The Securities and Exchange Board of India issued a Master Circular for Issue of Capital and Disclosure Requirements in February 2026, consolidating all existing circulars, clarifications, and directions issued under the SEBI (Issue of Capital and Disclosure Requirements) Regulations. The Master Circular is applicable to all listed entities, merchant bankers, stock exchanges, and other intermediaries involved in public issuances.
Background
The SEBI (ICDR) Regulations govern the primary market framework for public offers, rights issues, preferential allotments, and qualified institutional placements by listed and to-be-listed companies. Over the years, SEBI has issued numerous circulars interpreting, supplementing, and modifying the ICDR framework — covering matters ranging from pricing formulae and lock-in periods to disclosure obligations and allotment procedures.
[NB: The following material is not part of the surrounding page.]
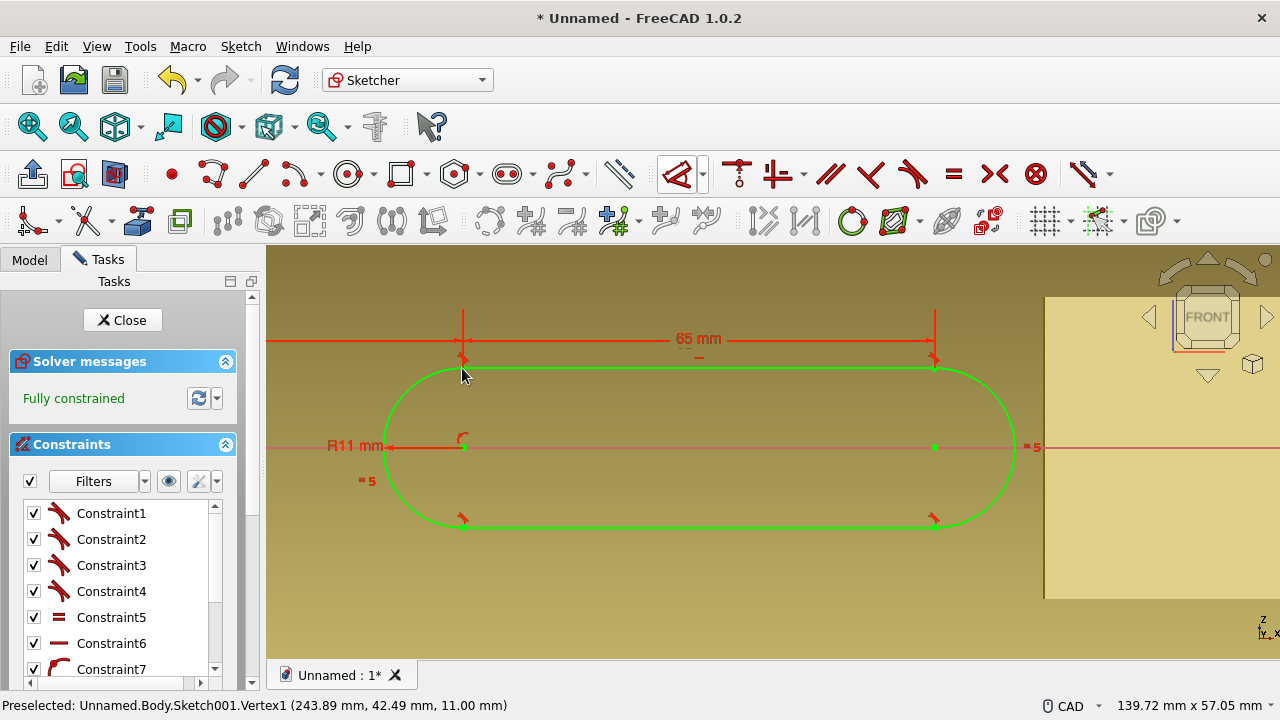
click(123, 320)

The proliferation of individual circulars created a fragmented compliance landscape, requiring market participants to track and cross-reference multiple documents to ascertain the applicable requirements for any given transaction. SEBI's practice of issuing periodic master circulars addresses this challenge by consolidating all operative provisions into a single reference document, superseding individual circulars to the extent they are incorporated.
Key Provisions
The Master Circular consolidates the following areas:
Public offer requirements: Consolidated provisions governing initial public offers and further public offers, including eligibility norms, pricing, disclosures in the offer document, and allotment procedures.
Rights issue framework: Updated provisions for rights issues by listed entities, including the timeline for completion, pricing, renunciation, and the rights entitlement trading mechanism.
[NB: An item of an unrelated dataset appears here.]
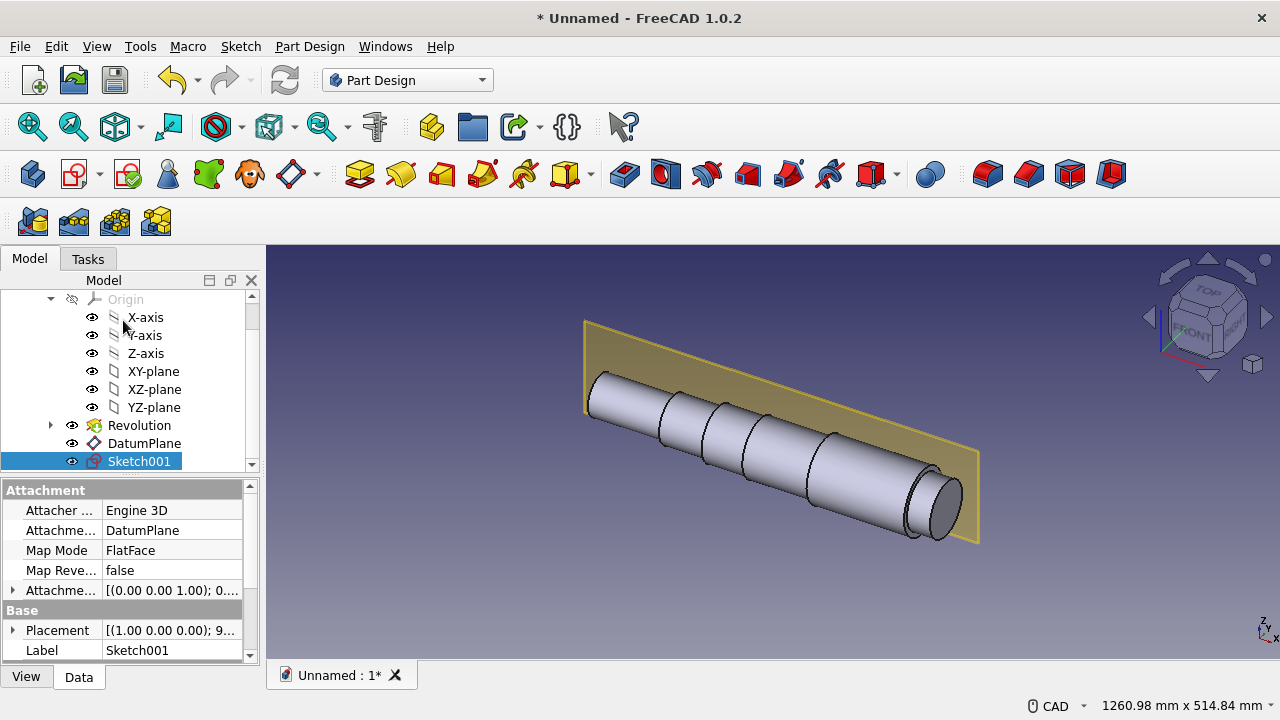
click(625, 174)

Preferential allotment: Consolidated directions on preferential allotments under the ICDR Regulations, including pricing formulae, lock-in requirements, and disclosure obligations.
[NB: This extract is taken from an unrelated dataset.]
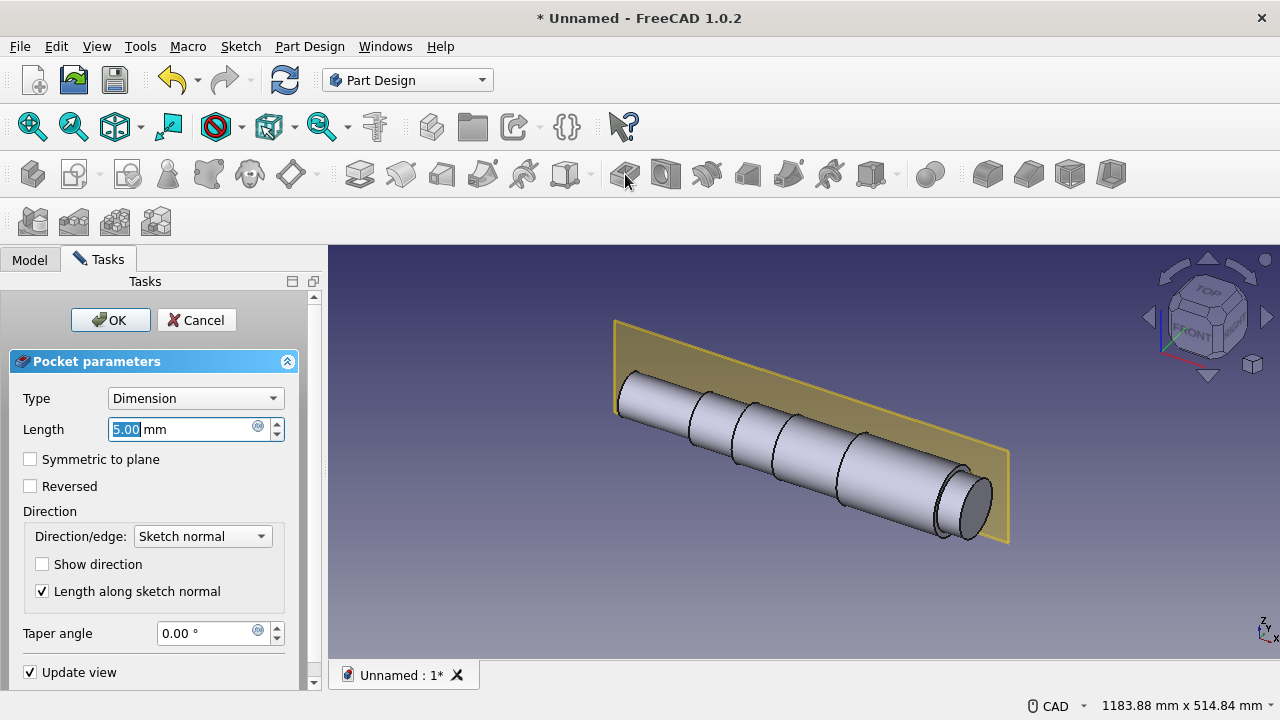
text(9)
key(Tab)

Qualified Institutional Placement: Provisions governing QIPs, including eligibility, pricing, minimum allottee requirements, and restriction periods.
Disclosure requirements: Comprehensive disclosure obligations applicable across all modes of issuance, including financial disclosures, risk factors, management discussion, and material developments.
Merchant banker obligations: Consolidated requirements for merchant bankers acting as lead managers in public issuances, including due diligence obligations and post-issue compliance.
Implications for Practitioners
Capital markets lawyers and investment banking teams should treat this Master Circular as the primary reference document for all ICDR-related compliance going forward. While the substantive requirements may not change materially from the individual circulars being consolidated, the Master Circular may introduce clarifications or resolve interpretive ambiguities that had arisen from reading individual circulars in isolation.
Merchant bankers preparing offer documents should update their compliance checklists and due diligence procedures to reference the Master Circular rather than individual circulars. Stock exchanges and depositories that conduct pre-listing compliance reviews should similarly align their review frameworks.
Practitioners advising companies on fundraising should review whether the Master Circular introduces any changes to the pricing formulae, lock-in periods, or disclosure formats that affect transaction structuring and timelines for planned issuances.